---------- INFORMATION PROVIDED ----------

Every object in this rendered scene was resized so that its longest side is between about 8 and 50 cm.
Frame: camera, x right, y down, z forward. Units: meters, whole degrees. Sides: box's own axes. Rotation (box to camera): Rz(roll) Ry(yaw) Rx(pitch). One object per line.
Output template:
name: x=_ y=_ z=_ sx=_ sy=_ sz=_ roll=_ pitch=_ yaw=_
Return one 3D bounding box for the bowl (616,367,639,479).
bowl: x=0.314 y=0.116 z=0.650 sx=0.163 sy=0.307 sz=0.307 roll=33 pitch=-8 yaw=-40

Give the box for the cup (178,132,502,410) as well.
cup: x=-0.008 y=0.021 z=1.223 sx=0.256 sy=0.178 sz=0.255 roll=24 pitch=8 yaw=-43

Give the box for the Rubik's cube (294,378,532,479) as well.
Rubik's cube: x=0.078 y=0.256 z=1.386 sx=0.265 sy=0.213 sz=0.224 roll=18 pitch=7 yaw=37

----------

AIM OF THE EXERCISE: Scan the material above for the string "object" and copy every line that has it.

ANSWER SECTION:
Every object in this rendered scene was resized so that its longest side is between about 8 and 50 cm.
Frame: camera, x right, y down, z forward. Units: meters, whole degrees. Sides: box's own axes. Rotation (box to camera): Rz(roll) Ry(yaw) Rx(pitch). One object per line.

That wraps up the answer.